First, read the csv file and drop unused columns.

The following function drops unused columns, calculates the mean of collinear variables and adds a new column "month" describing in which month the observation was measured.

In [401]:
import numpy as np
import pandas as pd
import datetime
from sklearn.preprocessing import StandardScaler
from sklearn.decomposition import PCA

def transform_data_median(data):
    def mean_by_height(substring):
        return data.filter(like = substring).filter(like = ".mean").median(axis = 1)
    
    def std_by_height(substring):
        return data.filter(like = substring).filter(like = ".std").median(axis = 1)
    
    data = data.drop(["id", "partlybad"], axis = 1)
    class2 = np.array(["nonevent", "event"])
    data.insert(1, "class2", class2[(data["class4"] != "nonevent").astype(int)])

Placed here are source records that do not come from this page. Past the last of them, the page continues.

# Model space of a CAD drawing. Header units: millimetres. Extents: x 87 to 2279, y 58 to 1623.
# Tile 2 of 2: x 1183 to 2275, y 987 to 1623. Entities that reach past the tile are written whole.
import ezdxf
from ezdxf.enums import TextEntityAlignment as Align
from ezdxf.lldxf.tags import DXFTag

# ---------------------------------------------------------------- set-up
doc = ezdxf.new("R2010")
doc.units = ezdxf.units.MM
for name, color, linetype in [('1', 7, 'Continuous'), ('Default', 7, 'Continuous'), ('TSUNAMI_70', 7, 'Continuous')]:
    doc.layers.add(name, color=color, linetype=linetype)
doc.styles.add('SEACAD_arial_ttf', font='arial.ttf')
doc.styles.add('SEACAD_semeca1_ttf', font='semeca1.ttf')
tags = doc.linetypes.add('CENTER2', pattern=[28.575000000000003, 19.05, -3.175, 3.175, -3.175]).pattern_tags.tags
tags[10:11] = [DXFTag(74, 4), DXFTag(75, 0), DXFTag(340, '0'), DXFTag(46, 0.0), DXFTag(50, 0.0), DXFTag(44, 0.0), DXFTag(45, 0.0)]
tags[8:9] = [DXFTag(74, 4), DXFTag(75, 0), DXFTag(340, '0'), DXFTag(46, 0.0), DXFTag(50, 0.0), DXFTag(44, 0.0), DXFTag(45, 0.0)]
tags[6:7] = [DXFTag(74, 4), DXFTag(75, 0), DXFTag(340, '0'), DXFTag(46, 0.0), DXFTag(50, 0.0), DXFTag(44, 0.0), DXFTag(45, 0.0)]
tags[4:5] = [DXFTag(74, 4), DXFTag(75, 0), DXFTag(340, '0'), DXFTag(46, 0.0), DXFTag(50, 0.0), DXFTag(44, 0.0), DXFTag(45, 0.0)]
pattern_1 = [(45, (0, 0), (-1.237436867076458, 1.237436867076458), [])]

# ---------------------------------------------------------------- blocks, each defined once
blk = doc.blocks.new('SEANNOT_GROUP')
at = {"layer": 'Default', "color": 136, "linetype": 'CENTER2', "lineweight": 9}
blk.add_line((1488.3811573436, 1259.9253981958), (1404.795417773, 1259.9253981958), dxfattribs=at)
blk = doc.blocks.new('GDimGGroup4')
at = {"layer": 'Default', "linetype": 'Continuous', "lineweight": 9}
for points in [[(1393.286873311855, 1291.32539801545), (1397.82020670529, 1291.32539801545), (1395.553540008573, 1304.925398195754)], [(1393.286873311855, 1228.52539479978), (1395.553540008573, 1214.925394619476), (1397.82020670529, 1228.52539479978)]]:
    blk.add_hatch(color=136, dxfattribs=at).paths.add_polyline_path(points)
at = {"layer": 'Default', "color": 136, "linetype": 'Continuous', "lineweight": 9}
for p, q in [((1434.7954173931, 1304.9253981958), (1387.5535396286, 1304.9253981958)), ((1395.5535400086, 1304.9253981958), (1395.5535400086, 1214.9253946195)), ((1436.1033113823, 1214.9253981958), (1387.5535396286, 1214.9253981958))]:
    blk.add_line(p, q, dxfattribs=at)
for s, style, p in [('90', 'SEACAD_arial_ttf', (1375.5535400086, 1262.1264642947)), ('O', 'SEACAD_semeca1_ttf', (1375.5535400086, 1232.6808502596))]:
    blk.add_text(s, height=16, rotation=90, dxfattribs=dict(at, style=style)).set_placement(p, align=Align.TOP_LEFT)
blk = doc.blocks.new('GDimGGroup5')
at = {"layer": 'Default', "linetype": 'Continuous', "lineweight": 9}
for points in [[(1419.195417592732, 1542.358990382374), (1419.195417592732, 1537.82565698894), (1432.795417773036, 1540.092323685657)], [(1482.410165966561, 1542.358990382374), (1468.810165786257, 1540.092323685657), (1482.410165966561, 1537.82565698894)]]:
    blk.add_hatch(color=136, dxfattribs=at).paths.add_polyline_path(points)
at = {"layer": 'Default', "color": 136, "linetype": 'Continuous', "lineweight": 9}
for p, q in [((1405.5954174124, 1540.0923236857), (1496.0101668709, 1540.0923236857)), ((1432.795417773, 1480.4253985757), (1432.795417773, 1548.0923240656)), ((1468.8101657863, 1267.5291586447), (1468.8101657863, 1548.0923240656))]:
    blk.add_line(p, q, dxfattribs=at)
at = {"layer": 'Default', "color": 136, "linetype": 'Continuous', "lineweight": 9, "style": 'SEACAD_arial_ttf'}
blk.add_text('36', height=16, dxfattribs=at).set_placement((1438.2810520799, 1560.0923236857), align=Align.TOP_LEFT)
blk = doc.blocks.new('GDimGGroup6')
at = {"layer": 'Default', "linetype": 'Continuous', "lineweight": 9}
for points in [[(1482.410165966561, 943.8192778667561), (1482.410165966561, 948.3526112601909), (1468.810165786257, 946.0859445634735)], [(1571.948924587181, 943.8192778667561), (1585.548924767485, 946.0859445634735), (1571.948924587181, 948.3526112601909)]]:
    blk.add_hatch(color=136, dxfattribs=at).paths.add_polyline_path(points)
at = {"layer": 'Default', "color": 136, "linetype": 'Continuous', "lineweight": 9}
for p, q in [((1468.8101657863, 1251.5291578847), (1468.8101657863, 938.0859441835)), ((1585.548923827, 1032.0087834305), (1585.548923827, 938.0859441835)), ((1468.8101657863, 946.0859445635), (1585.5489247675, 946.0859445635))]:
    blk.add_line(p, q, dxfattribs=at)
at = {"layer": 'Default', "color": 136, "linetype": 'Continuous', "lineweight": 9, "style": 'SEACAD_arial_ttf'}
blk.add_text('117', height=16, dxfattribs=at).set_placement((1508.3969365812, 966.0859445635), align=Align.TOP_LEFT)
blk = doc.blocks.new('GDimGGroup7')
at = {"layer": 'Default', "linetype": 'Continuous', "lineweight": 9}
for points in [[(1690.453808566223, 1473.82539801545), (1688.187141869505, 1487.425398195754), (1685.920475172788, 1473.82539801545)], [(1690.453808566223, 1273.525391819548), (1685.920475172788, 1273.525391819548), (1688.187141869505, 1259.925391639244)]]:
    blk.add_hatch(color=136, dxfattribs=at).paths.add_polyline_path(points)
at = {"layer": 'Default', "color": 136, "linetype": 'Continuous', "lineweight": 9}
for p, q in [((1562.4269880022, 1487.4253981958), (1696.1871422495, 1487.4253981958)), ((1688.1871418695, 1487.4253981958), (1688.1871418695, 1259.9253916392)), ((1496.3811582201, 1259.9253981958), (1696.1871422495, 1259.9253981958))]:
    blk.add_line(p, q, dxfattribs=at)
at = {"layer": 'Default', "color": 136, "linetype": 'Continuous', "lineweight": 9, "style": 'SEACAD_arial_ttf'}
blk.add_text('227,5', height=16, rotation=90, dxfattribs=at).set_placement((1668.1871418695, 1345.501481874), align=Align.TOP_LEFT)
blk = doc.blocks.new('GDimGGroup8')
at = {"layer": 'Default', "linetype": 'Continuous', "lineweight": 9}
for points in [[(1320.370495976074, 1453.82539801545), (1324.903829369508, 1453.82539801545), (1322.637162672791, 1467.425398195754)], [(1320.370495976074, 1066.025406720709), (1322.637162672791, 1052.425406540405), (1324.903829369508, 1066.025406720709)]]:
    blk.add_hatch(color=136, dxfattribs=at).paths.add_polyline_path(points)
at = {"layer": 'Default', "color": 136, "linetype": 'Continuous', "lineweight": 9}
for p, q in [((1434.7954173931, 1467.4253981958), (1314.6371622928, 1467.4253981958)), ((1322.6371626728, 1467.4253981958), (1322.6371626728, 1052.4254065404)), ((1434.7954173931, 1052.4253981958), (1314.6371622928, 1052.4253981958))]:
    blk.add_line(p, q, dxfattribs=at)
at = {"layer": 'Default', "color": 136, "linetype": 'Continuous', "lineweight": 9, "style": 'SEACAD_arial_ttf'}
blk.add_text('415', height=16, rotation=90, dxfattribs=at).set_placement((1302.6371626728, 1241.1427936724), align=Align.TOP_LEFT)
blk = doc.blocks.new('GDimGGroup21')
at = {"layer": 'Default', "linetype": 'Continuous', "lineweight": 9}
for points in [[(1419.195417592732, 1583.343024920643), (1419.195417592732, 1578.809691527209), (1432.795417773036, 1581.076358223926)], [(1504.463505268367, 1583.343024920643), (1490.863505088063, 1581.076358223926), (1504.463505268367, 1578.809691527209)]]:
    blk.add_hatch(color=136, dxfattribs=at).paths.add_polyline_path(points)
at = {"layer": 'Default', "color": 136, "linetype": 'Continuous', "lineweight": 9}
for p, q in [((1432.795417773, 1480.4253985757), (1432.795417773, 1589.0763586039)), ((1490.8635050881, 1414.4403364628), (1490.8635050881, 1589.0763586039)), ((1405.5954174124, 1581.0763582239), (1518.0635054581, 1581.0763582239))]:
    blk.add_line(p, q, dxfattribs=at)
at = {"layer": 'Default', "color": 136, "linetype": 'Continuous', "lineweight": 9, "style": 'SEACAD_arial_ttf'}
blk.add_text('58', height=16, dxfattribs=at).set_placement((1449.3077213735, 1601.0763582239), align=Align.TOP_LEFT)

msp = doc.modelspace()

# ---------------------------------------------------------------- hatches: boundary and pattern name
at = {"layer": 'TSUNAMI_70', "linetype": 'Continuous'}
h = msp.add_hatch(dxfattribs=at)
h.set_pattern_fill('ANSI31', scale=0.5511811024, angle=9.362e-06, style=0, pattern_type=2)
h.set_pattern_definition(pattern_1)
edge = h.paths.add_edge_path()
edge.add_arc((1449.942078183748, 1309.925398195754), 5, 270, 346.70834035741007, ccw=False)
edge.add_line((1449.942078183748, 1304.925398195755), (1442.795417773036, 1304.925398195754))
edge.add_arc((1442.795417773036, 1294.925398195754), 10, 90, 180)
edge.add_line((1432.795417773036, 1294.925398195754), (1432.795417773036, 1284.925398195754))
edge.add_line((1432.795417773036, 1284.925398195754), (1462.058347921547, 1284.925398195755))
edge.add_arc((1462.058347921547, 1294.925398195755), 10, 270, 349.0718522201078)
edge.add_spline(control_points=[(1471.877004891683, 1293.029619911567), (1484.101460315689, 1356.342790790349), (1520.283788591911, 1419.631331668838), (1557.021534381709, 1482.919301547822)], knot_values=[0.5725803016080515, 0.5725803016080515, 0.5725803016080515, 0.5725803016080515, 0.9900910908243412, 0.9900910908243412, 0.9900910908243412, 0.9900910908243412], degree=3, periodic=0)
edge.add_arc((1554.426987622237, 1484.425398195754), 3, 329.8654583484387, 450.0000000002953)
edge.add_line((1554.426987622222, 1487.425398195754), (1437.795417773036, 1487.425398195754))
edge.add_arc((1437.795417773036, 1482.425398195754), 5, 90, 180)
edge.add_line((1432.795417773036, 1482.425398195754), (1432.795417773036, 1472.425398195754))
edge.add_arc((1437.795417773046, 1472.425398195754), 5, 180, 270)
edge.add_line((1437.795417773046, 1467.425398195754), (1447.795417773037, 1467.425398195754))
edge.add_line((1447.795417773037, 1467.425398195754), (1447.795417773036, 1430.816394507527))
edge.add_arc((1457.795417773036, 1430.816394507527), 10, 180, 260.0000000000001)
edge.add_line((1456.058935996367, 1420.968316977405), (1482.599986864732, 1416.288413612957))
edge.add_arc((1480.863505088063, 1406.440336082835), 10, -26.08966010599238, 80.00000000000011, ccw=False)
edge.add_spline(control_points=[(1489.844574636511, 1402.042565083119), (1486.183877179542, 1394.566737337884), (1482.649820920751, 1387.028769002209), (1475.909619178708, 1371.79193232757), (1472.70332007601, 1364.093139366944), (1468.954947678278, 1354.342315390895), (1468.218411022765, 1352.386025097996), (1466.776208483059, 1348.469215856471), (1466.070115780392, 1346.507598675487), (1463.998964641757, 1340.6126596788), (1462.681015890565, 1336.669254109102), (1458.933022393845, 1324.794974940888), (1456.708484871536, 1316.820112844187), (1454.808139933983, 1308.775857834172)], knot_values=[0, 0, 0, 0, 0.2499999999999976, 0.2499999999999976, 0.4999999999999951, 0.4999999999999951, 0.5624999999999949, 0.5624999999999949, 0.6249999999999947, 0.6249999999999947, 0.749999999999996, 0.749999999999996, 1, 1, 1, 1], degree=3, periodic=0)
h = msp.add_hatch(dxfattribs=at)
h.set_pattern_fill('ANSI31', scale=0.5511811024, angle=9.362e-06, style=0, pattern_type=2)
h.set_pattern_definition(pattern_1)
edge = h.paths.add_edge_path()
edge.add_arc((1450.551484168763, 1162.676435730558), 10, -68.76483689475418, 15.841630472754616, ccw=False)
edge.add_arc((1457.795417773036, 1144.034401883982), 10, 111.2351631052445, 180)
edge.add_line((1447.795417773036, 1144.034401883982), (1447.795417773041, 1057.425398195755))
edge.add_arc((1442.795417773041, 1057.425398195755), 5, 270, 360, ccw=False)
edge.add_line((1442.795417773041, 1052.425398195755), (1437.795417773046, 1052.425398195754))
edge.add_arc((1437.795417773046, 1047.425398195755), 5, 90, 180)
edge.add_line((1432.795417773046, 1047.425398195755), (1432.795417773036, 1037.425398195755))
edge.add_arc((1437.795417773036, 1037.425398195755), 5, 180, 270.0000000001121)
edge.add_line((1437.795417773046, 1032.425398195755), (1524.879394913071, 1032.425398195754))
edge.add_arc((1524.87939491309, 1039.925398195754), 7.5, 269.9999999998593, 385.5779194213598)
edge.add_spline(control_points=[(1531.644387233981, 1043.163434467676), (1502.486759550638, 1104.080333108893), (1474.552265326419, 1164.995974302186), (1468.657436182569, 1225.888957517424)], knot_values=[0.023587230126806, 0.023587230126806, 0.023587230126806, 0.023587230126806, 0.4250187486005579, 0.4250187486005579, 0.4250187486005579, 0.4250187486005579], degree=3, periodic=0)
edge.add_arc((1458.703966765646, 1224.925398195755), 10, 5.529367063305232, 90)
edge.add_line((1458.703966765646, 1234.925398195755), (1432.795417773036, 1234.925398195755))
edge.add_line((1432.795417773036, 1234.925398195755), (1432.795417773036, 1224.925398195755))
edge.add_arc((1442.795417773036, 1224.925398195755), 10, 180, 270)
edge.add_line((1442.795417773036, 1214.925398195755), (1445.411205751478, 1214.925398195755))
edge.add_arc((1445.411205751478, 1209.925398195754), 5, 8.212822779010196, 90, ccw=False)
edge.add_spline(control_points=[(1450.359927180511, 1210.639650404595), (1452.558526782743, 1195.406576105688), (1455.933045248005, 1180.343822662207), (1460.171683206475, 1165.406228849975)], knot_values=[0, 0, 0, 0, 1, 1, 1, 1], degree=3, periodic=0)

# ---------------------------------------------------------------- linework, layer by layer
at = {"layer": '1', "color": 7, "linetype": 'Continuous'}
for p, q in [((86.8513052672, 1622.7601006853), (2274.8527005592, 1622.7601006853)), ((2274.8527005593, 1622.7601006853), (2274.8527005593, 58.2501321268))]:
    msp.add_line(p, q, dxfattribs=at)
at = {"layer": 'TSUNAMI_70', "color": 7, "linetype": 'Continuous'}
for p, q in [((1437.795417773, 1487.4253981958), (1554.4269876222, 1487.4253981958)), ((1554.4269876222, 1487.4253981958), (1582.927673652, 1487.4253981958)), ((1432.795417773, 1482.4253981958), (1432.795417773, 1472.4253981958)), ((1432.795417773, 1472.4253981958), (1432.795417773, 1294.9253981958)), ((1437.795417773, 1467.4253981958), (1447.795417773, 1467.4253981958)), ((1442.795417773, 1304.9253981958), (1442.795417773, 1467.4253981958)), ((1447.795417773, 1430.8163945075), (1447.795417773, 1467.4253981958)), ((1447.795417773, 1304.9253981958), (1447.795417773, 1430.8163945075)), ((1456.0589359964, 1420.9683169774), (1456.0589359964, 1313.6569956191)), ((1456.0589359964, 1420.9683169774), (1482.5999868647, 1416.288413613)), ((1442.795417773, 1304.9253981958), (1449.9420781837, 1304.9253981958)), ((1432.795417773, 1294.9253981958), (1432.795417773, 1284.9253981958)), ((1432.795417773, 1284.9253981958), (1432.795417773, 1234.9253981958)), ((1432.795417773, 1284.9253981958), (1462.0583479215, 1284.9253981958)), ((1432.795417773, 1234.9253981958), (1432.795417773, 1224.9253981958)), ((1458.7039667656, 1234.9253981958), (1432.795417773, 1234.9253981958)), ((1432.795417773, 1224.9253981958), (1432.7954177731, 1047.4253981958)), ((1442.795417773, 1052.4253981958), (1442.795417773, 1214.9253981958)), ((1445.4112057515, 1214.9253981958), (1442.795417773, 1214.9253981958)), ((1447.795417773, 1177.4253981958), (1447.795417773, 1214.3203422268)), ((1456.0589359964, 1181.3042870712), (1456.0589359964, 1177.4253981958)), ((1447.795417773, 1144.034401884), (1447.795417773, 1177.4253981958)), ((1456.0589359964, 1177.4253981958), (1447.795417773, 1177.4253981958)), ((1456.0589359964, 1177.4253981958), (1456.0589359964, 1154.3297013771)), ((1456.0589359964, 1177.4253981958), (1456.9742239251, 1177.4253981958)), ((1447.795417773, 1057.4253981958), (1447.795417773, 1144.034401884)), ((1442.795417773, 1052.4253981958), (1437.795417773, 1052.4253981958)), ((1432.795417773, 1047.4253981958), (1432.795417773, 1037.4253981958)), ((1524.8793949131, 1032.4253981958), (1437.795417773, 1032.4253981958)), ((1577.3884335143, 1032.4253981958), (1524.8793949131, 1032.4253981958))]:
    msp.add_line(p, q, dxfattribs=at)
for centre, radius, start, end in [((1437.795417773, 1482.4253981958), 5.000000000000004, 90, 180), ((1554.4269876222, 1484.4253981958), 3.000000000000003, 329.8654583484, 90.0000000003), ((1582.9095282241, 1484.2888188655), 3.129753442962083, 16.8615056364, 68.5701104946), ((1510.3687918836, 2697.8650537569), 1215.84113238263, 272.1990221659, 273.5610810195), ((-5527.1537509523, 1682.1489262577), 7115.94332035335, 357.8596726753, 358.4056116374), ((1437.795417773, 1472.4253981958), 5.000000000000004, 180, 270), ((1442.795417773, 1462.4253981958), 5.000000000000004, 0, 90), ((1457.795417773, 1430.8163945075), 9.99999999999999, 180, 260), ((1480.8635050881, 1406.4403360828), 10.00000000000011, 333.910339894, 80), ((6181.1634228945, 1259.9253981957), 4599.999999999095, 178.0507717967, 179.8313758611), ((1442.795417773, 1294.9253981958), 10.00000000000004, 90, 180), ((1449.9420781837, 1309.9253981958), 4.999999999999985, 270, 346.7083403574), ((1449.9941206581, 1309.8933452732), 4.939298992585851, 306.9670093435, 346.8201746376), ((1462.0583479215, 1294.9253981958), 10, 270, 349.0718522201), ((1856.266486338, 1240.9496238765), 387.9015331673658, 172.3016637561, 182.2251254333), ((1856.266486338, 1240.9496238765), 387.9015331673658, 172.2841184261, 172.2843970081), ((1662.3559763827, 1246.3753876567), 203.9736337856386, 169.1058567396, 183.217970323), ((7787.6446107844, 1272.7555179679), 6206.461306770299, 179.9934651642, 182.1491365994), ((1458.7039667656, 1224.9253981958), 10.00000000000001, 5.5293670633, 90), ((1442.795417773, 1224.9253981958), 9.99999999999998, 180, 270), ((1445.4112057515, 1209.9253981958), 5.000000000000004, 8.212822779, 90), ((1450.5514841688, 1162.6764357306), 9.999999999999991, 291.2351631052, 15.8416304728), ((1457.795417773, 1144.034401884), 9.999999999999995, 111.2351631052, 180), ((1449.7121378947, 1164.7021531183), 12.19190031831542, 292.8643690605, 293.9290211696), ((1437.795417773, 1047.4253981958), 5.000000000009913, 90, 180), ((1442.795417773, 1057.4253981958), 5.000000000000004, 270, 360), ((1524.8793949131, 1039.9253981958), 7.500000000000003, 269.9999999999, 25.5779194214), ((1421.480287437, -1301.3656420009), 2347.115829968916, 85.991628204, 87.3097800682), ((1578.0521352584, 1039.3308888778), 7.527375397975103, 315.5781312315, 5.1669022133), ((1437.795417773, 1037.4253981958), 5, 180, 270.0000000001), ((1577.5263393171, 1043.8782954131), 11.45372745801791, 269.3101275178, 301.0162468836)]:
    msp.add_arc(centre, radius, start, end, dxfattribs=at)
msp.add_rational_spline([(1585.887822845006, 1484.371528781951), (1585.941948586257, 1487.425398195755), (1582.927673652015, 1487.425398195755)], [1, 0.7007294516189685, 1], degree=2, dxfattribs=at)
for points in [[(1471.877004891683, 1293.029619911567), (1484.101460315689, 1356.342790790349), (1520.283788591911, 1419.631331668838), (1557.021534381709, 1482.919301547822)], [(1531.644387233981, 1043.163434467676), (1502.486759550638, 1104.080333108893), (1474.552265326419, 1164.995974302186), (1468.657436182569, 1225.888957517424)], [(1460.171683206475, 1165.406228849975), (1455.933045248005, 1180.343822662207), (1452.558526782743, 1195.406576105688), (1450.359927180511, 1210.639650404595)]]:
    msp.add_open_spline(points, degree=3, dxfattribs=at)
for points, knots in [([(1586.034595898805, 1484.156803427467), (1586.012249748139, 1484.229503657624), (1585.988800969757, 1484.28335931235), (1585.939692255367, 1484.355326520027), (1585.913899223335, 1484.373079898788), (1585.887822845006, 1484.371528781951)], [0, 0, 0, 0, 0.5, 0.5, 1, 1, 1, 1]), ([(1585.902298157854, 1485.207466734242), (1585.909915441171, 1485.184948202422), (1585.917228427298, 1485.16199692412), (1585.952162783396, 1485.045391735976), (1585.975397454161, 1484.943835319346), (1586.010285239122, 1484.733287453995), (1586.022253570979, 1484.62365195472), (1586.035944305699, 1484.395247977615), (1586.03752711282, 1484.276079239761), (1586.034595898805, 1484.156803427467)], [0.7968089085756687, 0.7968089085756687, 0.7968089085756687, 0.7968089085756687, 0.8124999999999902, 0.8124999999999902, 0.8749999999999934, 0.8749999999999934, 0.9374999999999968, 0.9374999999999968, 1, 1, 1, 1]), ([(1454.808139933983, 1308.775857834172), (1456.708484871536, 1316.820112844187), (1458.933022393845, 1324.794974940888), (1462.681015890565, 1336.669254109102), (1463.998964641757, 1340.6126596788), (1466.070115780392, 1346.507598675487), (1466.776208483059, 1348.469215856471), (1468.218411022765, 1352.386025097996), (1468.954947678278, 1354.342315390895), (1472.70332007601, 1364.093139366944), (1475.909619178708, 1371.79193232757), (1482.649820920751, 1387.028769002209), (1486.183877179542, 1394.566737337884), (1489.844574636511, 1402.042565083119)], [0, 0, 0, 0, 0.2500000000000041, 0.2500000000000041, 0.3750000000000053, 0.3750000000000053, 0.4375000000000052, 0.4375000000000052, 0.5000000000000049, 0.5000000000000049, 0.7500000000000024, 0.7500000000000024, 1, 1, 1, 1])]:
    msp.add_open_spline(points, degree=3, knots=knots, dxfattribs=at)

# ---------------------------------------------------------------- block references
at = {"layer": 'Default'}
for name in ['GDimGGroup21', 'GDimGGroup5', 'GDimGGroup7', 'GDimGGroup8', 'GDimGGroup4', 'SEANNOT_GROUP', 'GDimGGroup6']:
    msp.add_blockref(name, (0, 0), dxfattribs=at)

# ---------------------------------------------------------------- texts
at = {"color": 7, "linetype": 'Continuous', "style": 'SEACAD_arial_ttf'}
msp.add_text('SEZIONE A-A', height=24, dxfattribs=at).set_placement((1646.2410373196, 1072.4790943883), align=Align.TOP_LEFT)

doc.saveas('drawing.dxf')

    new_data = pd.DataFrame()
    new_data[['date', 'class2']] = data[['date', 'class2']]
    new_data["CO.mean"] = mean_by_height("CO")
    new_data["CO.std"] = std_by_height("CO")
    new_data["H2O.mean"] = mean_by_height("H2O")
    new_data["H2O.std"] = std_by_height("H2O")
    new_data["RHIRGA.mean"] = mean_by_height("RHIRGA")
    new_data["RHIRGA.std"] = std_by_height("RHIRGA")
    new_data["NOx.mean"] = mean_by_height("NOx")
    new_data["NOx.std"] = std_by_height("NOx")
    new_data["NET.mean"] = mean_by_height("NET")
    new_data["NET.std"] = std_by_height("NET")
    new_data["NO.mean"] = data.iloc[:,27:39].filter(like = ".mean").median(axis = 1)
    new_data["NO.std"] = data.iloc[:,27:39].filter(like = ".std").median(axis = 1)
    new_data["O3.mean"] = data.iloc[:,51:61].filter(like = ".mean").median(axis = 1)
    new_data["O3.std"] = data.iloc[:, 51:61].filter(like = ".std").median(axis = 1)
    new_data[['Pamb0.mean', 'Pamb0.std', 'PAR.mean', 'PAR.std', 'PTG.mean', 'PTG.std', 'RGlob.mean', 'RGlob.std']] = data[['Pamb0.mean', 'Pamb0.std', 'PAR.mean', 'PAR.std', 'PTG.mean', 'PTG.std', 'RGlob.mean', 'RGlob.std']]
    new_data[['RPAR.mean', 'RPAR.std', 'SO2168.mean', 'SO2168.std', 'SWS.mean', 'SWS.std']] = data[['RPAR.mean', 'RPAR.std', 'SO2168.mean', 'SO2168.std', 'SWS.mean', 'SWS.std']]
    new_data["T.mean"] = data.filter(like = "T").iloc[:,4:].filter(like = ".mean").median(axis = 1)
    new_data["T.std"] = data.filter(like = "T").iloc[:,4:].filter(like = ".std").median(axis = 1)
    new_data[['UV_A.mean', 'UV_A.std', 'UV_B.mean', 'UV_B.std', 'CS.mean', 'CS.std']] = data[['UV_A.mean', 'UV_A.std', 'UV_B.mean', 'UV_B.std', 'CS.mean', 'CS.std']]
    new_data.set_index('date')

    return new_data

# Binary classification

After preprocessing, we can start to develop the model. From previous testing, it was found that logistic regression is the best performer. But before that, we need to scale our data with standard scaler.

In [402]:
from sklearn.preprocessing import StandardScaler
from sklearn.decomposition import PCA
from sklearn.svm import LinearSVC
from sklearn.feature_selection import SelectFromModel

train_data = transform_data_median(pd.read_csv("npf_train.csv"))
test_data = transform_data_median(pd.read_csv("npf_test.csv"))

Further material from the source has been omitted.